Droit de réponse en ligne et directeur de la publication

Près de 4 ans après l’entrée en vigueur de la Loi pour la confiance dans l’économie numérique du 21 juin 2004, dite « LCEN », le respect par les éditeurs de sites web des obligations qui ont été mises à leur charge par l’article 6 de cette loi est loin d’être effectif, comme en témoigne l’activité judiciaire du début d’année. En effet, après les affaires des liens hypertextes litigieux, dans lesquelles le réalisateur du film « La môme » avait eu bien des difficultés pour assigner les personnes responsables de ces liens hypertextes du fait de l’absence des mentions prévues par la LCEN sur les sites comportant ces liens hypertextes (1), un jugement récent du tribunal de grande instance de Paris en montre un nouvel exemple à travers l’exercice d’un droit de réponse (2).

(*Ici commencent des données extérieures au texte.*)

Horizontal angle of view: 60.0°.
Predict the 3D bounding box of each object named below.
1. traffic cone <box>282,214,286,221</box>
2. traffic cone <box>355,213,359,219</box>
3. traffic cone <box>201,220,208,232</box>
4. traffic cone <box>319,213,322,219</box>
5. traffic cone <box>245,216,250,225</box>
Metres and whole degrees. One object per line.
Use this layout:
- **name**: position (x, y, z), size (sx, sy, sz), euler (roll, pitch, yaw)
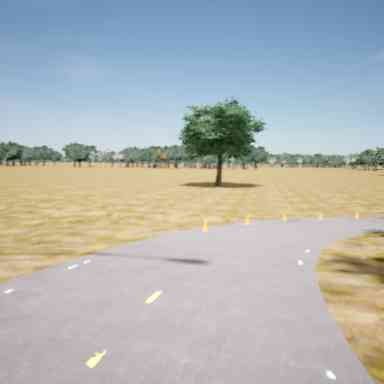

Dans cette affaire, à la suite de la publication d’un article sur le site « lemonde.fr » sur les caricatures de Mahomet accompagné de propos à tonalité antisioniste, un lien renvoyait vers le « blog du livre de la judéomanie ». Le responsable du blog et auteur du livre qui avait considéré être mis en cause par le lien entre son site et les commentaires publiés sur le site « lemonde.fr », avait dès lors adressé successivement au médiateur de la rédaction du journal Le Monde, puis à son directeur de la publication, des demandes d’insertion de droit de réponse. Or, celles-ci ont été refusées, faute d’avoir été adressées au directeur de la publication du site « lemonde.fr », entité distincte du journal Le Monde. Le Tribunal de grande instance de Paris a alors été saisi par le responsable du blog et auteur du livre en cause. Ce dernier reprochait à la société éditrice du site internet « lemonde.fr » de ne pas lui avoir permis d’exercer son droit de réponse en ne mentionnant pas, en violation de l’article 6 de la LCEN, l’identité du directeur de la publication de façon apparente sur le site, et plus généralement de ne pas avoir respecté les dispositions de cet article concernant les mentions légales devant figurer sur le site.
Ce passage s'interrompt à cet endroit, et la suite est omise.